Best ever race? Winning the Commonwealth Games. I’d visualised how the race would go and had dreamed about it a lot. Nobody could beat me. One of the Kenyans took it on to try to help the other Kenyans and I just thought: ‘This is brilliant.’ It was almost as if I’d written the script myself. One of my other favourites was going head to head with Crammy (Steve Cram) at the old Don Valley Stadium. That was a great race (Elliott won).

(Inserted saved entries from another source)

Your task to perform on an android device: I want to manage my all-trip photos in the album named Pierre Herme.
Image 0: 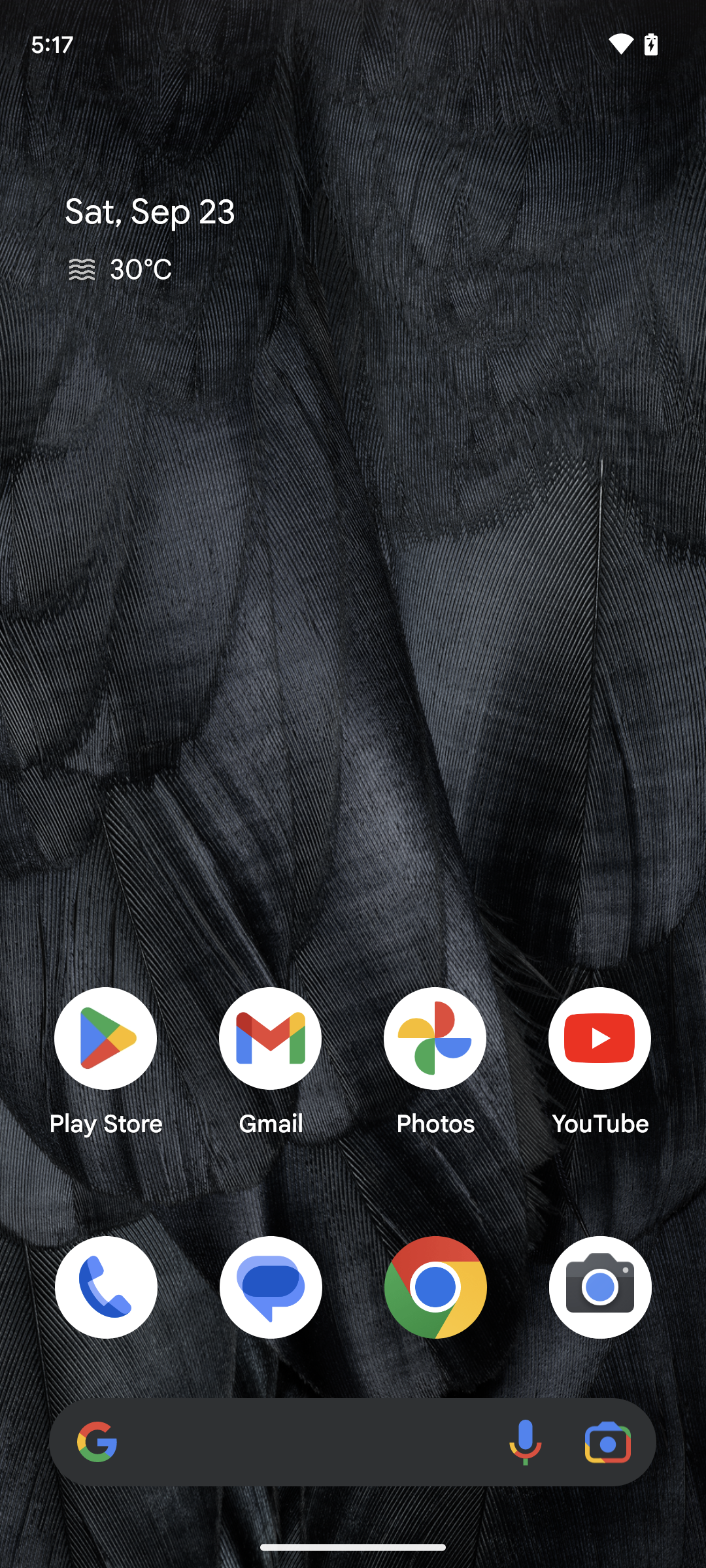
open the Google Photo app
Step 0: open app "Photos"
Image 1: 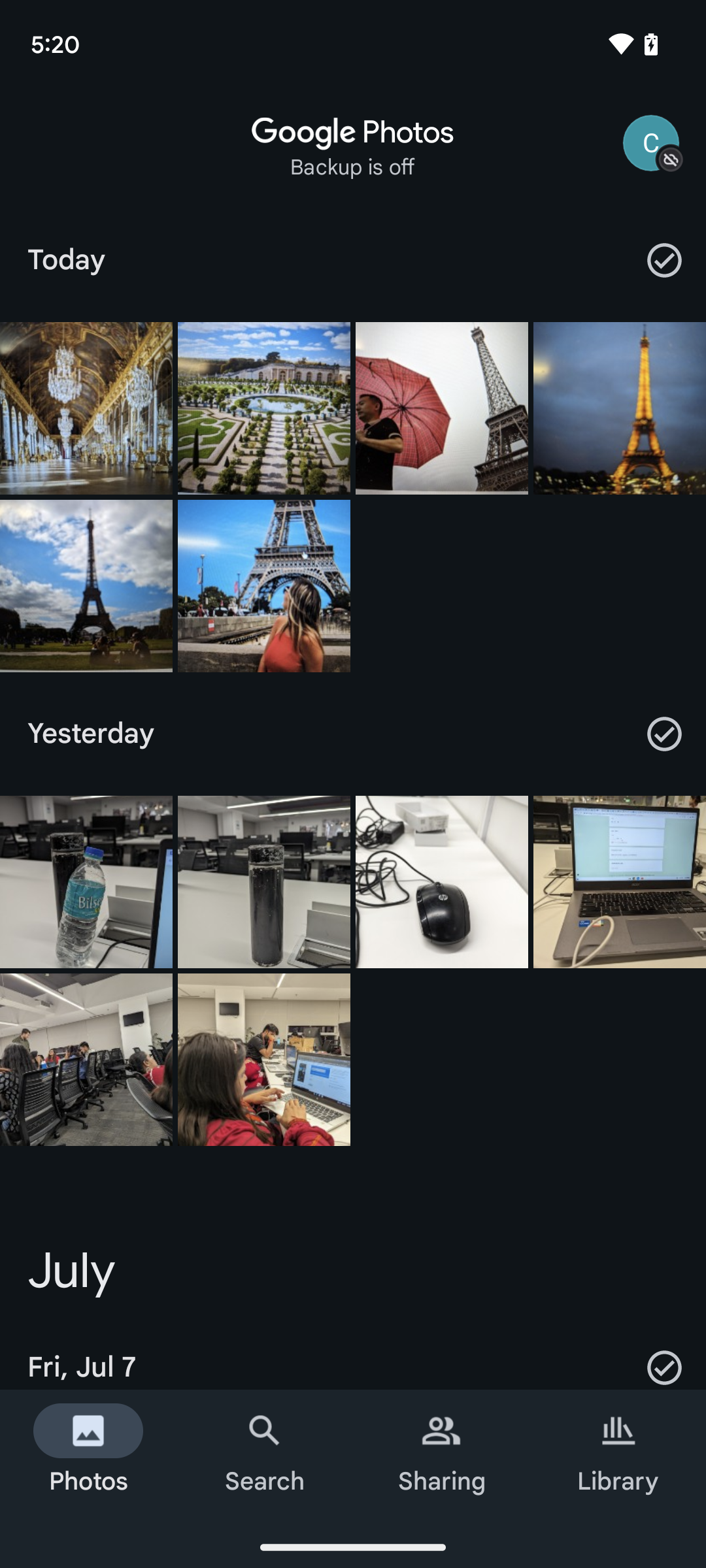
Tap on the library option present at the bottom right corner of the screen.
Step 1: click (618, 1458)
Image 3: 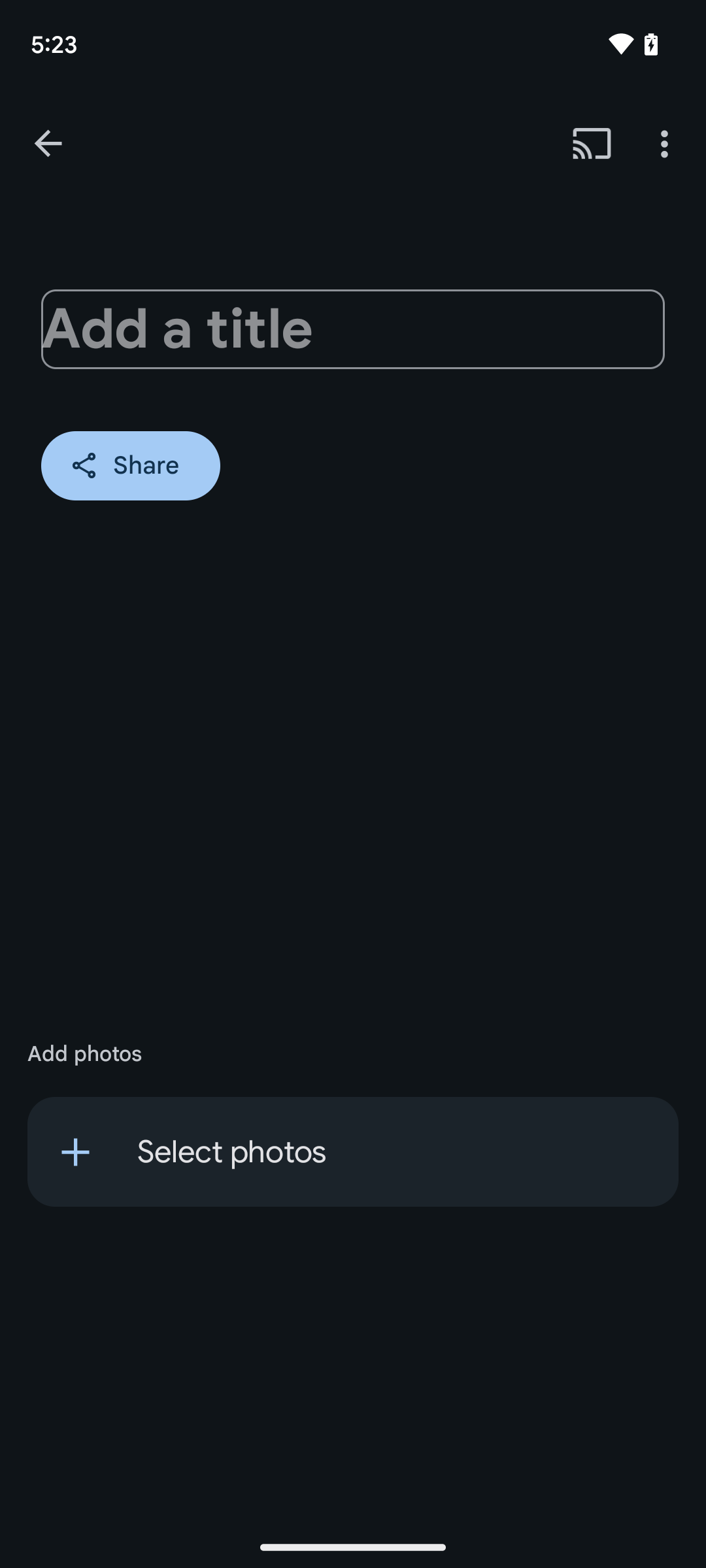
Tap on the title and give the title Paris trip.
Step 3: click (352, 329)
Image 4: 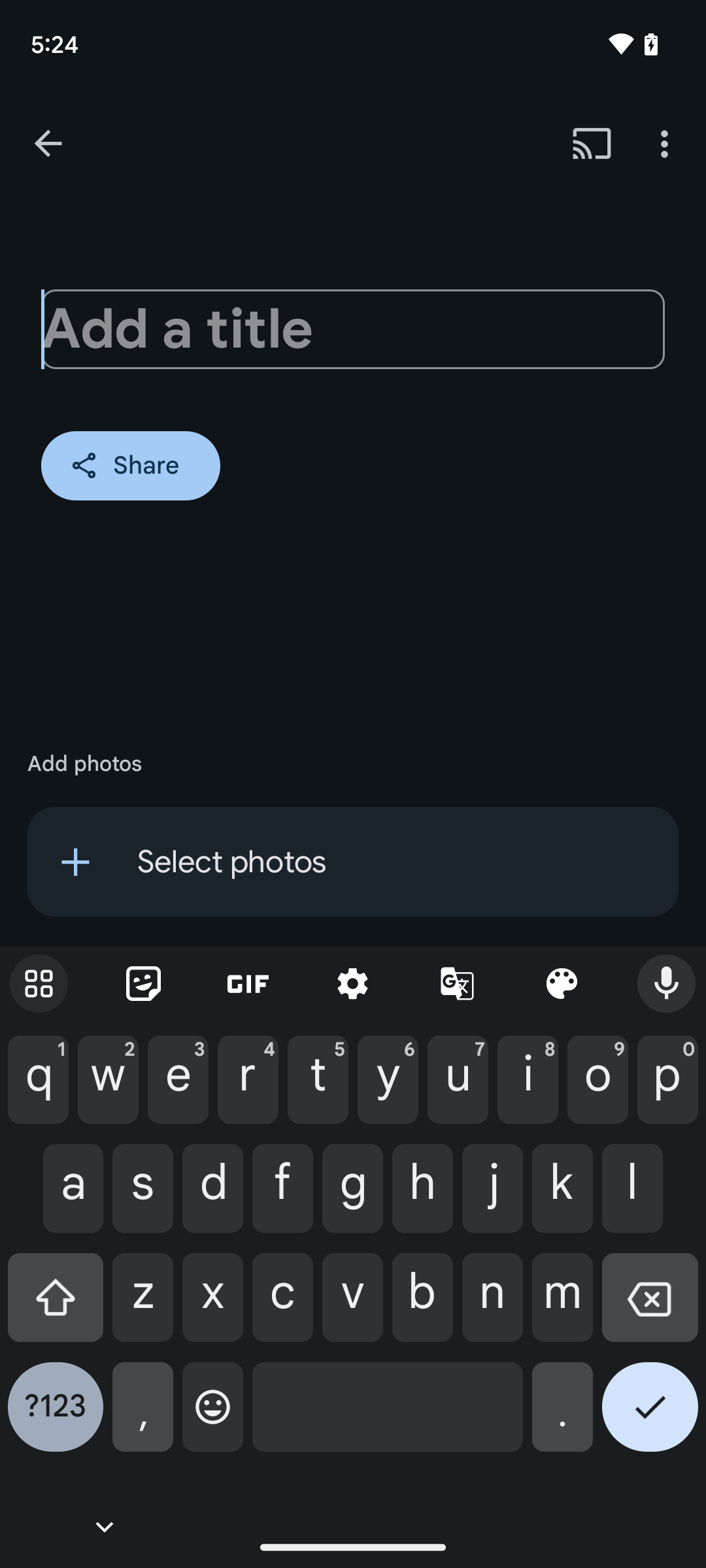
Tap on the title and give the title Paris trip.
Step 4: type "Paris trip"
Image 5: 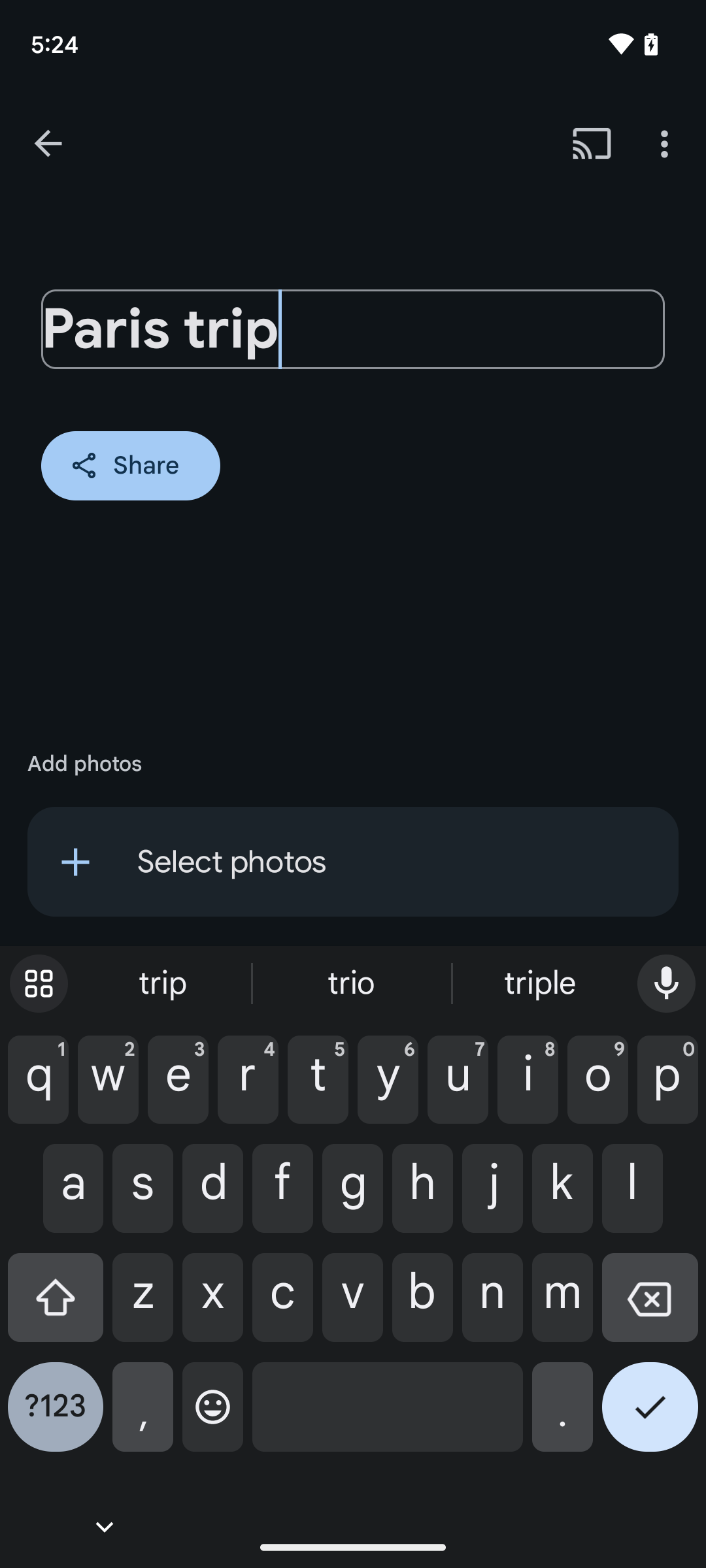
Tap on the tickmark present at the bottom right corner of the screen.
Step 5: click (650, 1417)
Image 6: 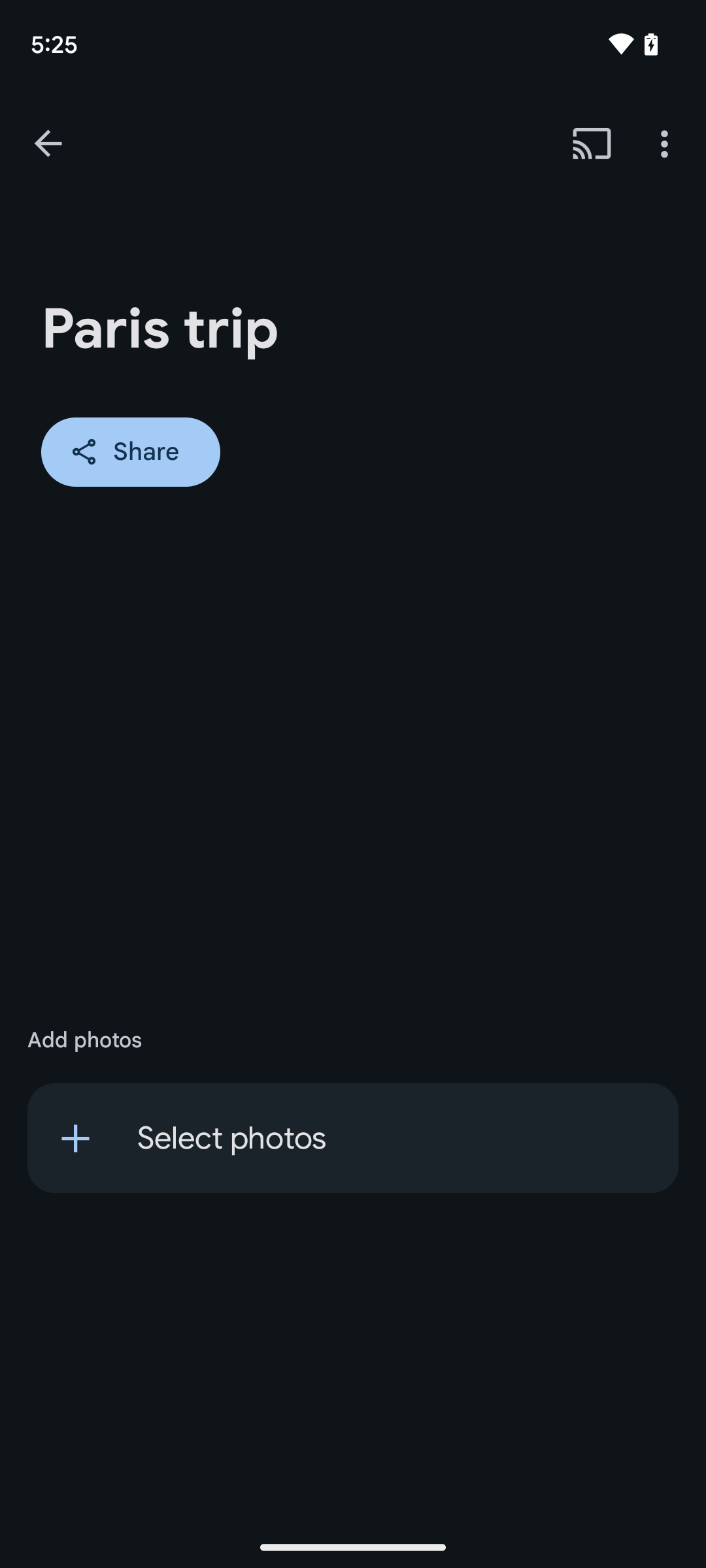
Tap on select photo present on the screen.
Step 6: click (73, 1135)
Image 7: 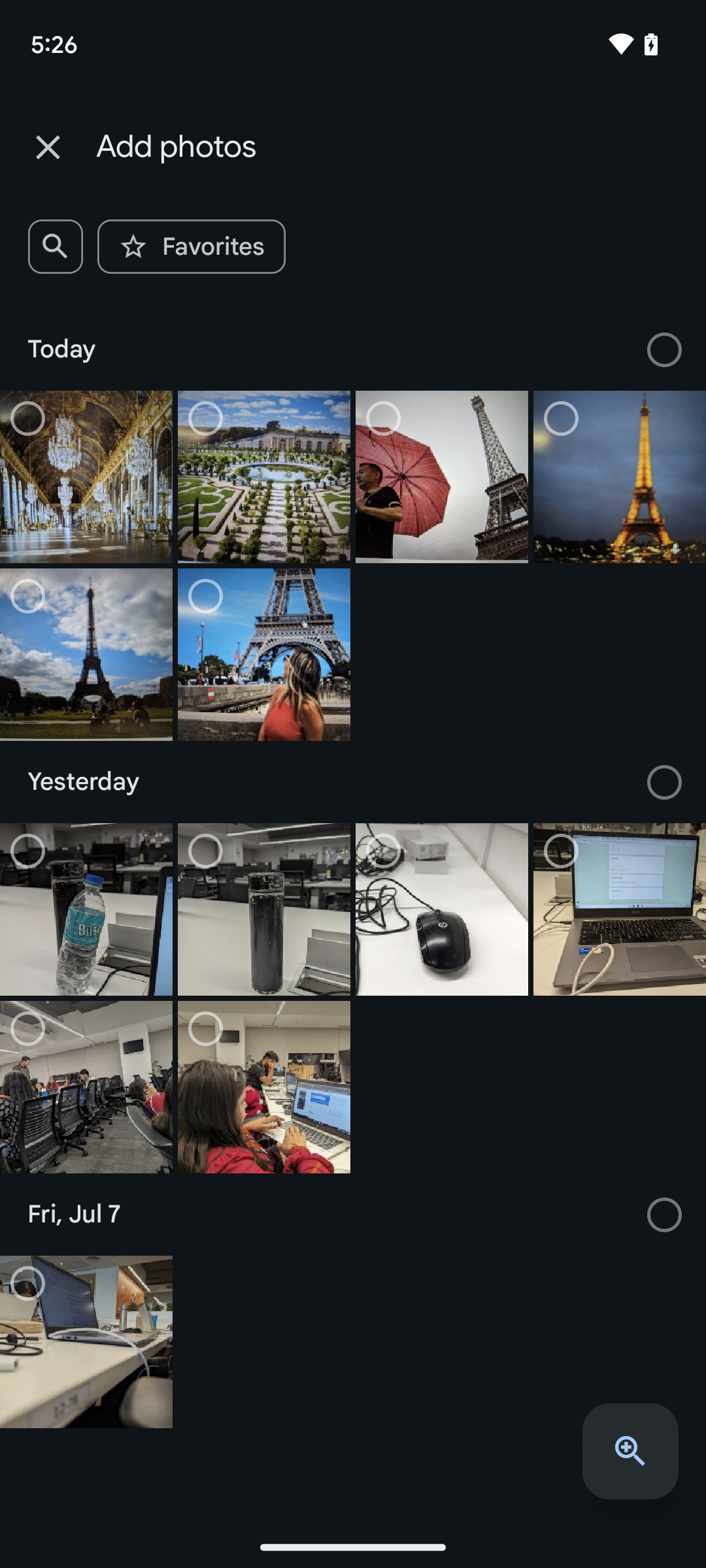
Tap on select photo present on the screen.
Step 7: wait
Image 8: 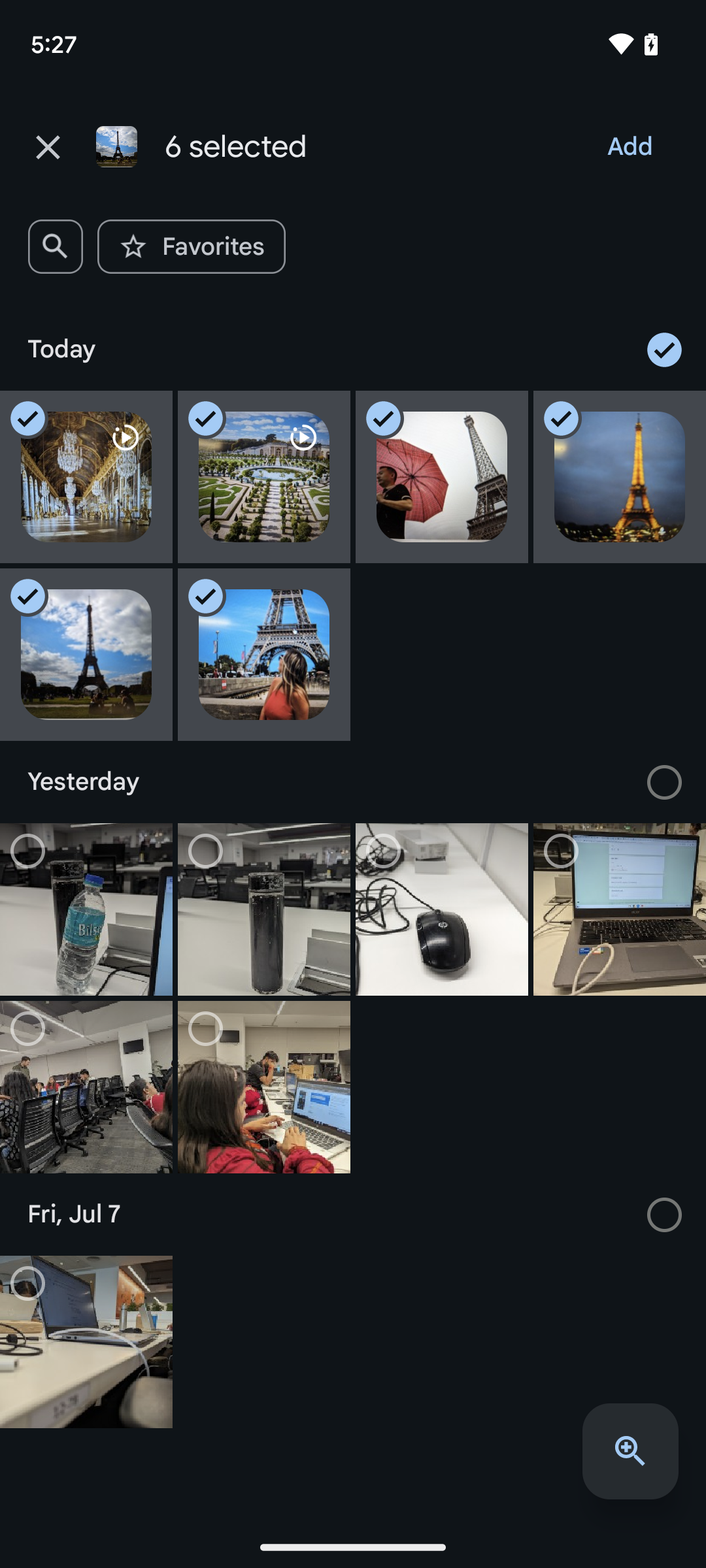
Tap on the add option present in the upper right corner of the screen.
Step 8: click (630, 146)

Best moment? Again, the Commonwealth Games. I was stood on the podium, finally as a champion. The Queen was in the stand. The Olympic silver is far superior as an achievement but this felt better. Another good one was running a mile round the pitch at Rotherham United’s Millmoor ground on a Sunday afternoon at a testimonial game for John Buckley. I’d run 13 miles in the morning, then raced some of the Millers apprentices on a staggered start. I remember I had a Rotherham shirt on. I ran three minutes 53 seconds. It was May 1990, just before the 1:42.9 for 800m. I hovered over the grass. Alex Ferguson was there and he watched me warm up. You probably warm up for 45 minutes to an hour for a race. He couldn’t comprehend someone warming up for that long! (Elliott beat the apprentices).

Lowest point? The Press before going to the Olympics, the whole Coe thing. To receive hate mail and to have a national paper run a campaign against you when you’ve done nothing wrong was hard to take. I should have gone out to a great occasion but I went out there under a cloud.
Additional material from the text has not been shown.